TRAVERSE CITY, MI – Recovering U.S. light-vehicle sales will pass the 16 million-unit mark by 2015, says Jeff Schuster, senior vice president-forecasting for LMC Automotive.

That’s expected to be a sweet 16, compared with the last time the industry saw sales that high in the pre-recession year of 2007. Deliveries hit a low point of 10.6 million in 2009.

Today, as LV sales climb, Schuster foresees 14.3 million units this year, 15 million in 2013, 15.9 million in 2014 and 16.4 million in 2015.

“We’ll come close to breaking the 16 million barrier in 2014, but actually do it in 2015,” he tells WardsAuto at the Center for Automotive Research’s Management Briefing Seminars here. However, this time it will be different: “They will be healthier sales.”

Credit for that goes to auto makers doing a better job of matching supply to demand and keeping fleet sales below 20%. Excessive inventories and too many fleet sales were sins of the past that got many auto makers in trouble.

“Prices are up and incentives down,” Schuster says. “That has created a healthier financial situation for auto makers, but it has put some pressure on volume. However, I don’t see things going negative.”

Keeping his eye on the crystal ball, he predicts vehicle sales will hit 17 million units by 2018. The last time that happened was six years ago.

Schuster offers a “musts” list for long-term automotive growth:

  • The economy needs to cooperate.
  • The housing market must recover, which it is, however slowly.
  • Credit must remain available and at reasonable rates.

Schuster anticipates global sales of 80 million units this year, a 5% increase compared with 2011. Bright spots are the U.S. and Asia. In contrast, “Europe and parts of South America, led by Brazil, are in negative territory.”

By 2019, he predicts Toyota will be the world’s top-selling auto maker, followed by Volkswagen, Renault-Nissan, General Motors, Hyundai/Kia and Ford.

Meeting stricter federal fuel-economy mandates of the future could increase the cost of vehicles $1,300 to $4,000 per unit, as auto makers use advanced technology and alternative fuels to meet those standards.
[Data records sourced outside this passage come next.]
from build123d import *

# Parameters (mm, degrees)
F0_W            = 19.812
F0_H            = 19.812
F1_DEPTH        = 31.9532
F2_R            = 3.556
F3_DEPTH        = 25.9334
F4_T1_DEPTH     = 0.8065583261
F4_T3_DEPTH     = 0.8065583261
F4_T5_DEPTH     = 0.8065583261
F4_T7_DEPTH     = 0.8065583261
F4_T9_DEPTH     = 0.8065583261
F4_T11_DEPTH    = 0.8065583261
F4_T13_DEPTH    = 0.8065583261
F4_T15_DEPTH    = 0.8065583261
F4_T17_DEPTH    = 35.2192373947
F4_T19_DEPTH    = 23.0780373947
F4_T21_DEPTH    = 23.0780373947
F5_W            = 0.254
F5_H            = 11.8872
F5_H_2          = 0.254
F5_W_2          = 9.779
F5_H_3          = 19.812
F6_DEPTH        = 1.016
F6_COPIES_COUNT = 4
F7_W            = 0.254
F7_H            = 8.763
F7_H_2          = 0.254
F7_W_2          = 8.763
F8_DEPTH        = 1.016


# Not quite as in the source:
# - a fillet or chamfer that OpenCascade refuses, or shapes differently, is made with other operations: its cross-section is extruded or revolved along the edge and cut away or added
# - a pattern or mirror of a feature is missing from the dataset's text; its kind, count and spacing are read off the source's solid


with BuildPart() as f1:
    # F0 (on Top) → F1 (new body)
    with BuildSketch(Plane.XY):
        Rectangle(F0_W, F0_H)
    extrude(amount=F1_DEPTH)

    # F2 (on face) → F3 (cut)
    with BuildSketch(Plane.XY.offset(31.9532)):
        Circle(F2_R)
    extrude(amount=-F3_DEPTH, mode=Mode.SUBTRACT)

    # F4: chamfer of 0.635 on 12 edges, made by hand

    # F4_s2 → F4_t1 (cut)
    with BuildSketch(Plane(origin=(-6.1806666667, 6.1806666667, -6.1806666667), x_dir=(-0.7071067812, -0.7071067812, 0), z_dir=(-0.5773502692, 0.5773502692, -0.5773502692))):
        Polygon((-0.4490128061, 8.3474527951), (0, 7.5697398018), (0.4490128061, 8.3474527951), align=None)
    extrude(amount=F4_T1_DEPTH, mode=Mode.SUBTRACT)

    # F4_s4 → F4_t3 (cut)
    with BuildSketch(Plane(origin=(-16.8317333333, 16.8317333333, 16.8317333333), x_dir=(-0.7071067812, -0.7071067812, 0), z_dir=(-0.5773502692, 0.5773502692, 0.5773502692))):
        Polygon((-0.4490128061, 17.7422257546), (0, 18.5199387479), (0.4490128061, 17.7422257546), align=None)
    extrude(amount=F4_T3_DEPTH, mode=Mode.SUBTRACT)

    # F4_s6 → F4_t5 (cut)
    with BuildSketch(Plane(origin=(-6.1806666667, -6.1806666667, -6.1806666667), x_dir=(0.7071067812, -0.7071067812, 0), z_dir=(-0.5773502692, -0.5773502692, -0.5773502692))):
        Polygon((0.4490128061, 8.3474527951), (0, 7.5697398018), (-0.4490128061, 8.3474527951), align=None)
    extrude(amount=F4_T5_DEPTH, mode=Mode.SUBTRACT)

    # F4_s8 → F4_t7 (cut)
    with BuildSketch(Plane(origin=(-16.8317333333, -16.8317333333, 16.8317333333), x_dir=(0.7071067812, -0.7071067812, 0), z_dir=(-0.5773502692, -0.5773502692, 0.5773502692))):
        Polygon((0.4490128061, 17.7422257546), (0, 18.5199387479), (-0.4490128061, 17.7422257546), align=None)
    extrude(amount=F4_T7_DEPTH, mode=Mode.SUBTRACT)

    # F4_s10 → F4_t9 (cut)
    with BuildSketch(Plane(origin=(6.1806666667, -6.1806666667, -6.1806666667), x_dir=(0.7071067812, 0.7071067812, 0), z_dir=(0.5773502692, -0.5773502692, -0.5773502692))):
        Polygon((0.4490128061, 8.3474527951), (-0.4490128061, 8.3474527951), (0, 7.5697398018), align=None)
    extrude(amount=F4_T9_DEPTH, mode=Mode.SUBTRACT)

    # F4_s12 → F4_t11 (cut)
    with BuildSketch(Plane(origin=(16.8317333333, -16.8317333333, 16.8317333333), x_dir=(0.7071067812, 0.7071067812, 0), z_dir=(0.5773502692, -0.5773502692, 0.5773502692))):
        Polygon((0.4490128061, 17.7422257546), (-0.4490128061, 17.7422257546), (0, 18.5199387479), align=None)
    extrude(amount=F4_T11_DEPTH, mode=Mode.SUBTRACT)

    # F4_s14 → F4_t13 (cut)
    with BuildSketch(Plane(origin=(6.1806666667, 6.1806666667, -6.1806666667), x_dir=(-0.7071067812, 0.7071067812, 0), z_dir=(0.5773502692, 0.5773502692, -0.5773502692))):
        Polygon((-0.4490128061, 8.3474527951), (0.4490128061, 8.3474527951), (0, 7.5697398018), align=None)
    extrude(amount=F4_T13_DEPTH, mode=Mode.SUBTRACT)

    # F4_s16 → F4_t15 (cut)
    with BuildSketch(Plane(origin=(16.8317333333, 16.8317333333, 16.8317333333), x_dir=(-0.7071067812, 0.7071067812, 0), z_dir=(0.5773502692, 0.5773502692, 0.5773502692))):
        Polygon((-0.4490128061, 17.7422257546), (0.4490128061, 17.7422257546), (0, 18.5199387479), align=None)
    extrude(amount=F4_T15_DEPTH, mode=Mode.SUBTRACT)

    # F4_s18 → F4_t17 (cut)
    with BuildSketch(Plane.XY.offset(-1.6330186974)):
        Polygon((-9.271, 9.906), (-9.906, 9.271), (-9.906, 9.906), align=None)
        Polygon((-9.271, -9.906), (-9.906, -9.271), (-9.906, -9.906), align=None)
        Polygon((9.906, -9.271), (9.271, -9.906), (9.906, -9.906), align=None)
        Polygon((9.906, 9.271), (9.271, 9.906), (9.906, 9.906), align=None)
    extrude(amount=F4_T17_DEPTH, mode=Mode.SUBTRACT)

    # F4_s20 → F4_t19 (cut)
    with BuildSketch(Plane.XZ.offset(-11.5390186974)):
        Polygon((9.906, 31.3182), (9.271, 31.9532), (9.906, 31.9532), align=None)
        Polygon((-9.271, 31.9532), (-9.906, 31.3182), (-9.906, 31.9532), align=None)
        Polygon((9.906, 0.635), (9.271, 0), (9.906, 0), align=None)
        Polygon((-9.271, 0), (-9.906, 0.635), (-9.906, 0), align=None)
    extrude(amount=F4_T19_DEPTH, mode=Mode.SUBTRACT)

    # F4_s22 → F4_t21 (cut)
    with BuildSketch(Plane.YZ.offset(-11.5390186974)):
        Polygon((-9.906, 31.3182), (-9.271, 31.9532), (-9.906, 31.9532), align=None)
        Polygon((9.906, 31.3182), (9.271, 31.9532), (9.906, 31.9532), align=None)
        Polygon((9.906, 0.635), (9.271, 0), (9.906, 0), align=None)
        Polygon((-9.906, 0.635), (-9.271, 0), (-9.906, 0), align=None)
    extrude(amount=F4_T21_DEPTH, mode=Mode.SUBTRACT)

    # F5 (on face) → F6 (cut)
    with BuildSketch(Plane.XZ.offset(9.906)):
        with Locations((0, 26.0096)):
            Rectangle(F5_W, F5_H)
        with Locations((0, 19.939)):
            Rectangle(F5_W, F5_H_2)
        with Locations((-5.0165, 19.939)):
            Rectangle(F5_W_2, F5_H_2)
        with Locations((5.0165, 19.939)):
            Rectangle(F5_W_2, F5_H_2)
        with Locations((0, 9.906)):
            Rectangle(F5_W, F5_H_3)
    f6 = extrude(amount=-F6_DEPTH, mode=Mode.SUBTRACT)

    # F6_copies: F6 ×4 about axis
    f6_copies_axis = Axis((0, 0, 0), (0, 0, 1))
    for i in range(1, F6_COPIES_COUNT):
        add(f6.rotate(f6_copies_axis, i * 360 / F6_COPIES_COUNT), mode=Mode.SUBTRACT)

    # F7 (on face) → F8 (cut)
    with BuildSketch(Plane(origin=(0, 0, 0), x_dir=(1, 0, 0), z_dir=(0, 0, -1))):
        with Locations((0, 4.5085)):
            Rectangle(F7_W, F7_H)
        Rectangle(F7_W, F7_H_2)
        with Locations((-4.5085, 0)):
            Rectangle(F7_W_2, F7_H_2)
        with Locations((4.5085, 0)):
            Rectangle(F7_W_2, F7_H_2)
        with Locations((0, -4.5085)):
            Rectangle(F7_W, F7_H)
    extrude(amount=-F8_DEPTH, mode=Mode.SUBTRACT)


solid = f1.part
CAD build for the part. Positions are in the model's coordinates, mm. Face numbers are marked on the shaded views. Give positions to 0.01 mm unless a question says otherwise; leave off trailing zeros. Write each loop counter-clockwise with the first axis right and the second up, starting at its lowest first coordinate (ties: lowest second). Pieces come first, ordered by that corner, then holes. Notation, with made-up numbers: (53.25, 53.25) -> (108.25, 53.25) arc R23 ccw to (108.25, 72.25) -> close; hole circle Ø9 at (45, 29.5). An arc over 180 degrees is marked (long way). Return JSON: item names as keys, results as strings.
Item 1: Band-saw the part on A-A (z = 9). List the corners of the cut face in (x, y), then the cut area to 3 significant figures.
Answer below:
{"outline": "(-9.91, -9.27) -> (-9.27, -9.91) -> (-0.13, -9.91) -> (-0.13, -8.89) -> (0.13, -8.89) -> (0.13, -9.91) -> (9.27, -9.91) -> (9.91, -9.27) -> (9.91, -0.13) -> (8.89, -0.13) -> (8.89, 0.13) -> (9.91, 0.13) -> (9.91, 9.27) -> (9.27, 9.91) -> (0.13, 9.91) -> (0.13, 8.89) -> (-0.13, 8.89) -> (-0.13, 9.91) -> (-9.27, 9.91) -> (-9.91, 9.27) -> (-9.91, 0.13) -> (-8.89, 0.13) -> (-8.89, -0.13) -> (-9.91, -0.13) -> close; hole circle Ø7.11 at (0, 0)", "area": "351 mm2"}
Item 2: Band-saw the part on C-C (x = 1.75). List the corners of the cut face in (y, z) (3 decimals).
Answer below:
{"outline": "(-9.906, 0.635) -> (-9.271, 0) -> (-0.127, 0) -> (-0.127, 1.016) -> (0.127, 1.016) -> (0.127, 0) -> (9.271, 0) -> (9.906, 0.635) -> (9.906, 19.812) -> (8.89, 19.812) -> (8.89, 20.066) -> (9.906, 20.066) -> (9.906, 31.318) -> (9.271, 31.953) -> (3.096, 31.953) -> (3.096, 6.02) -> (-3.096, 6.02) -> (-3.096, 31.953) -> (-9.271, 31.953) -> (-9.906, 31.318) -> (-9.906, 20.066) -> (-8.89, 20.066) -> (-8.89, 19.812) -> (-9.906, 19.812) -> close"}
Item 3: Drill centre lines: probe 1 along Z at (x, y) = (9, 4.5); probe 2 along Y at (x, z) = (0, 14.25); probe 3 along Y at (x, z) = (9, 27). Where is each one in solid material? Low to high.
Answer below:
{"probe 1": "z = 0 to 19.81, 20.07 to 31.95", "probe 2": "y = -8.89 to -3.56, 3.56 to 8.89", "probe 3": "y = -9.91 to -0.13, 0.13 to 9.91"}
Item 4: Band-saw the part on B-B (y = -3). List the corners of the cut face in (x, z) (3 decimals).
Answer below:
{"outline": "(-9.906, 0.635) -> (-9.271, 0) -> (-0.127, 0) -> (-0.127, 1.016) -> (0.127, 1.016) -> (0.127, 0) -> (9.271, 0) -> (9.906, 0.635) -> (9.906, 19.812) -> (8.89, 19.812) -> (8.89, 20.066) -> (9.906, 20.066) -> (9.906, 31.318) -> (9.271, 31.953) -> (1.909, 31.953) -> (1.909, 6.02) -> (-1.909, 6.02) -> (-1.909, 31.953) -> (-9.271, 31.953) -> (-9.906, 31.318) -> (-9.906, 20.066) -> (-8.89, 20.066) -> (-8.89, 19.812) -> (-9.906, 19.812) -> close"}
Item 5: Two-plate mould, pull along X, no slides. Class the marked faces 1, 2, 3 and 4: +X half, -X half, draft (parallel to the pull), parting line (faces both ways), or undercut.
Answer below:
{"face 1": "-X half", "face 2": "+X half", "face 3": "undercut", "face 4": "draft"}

But Schuster says consumers show little interest in electric vehicles, as evidenced by low sales. He puts more hope in plug-in hybrid vehicles. “EVs get all the attention but plug-ins make more sense.”

EV and plug-in hybrid deliveries will reach 1.1 million units by 2017, for a combined global market share of about 1.5%, Schuster predicts. Regular hybrid vehicles will see a 7% share.

“Many people say they consider alternative-fuel vehicles, but few actually buy them,” he says. “There still is a lot to be done with internal-combustion engines to increase fuel economy and efficiency.”

Baby Boomers delaying retirement, and thus increasing their disposable income, have helped car sales, he says. Conversely, “Millennials delaying adulthood” and living with their parents haven’t helped the cause of selling cars.

Some Millennials still reside in the family homes because they are economically strapped, Schuster tells WardsAuto. “But others just want to stay.”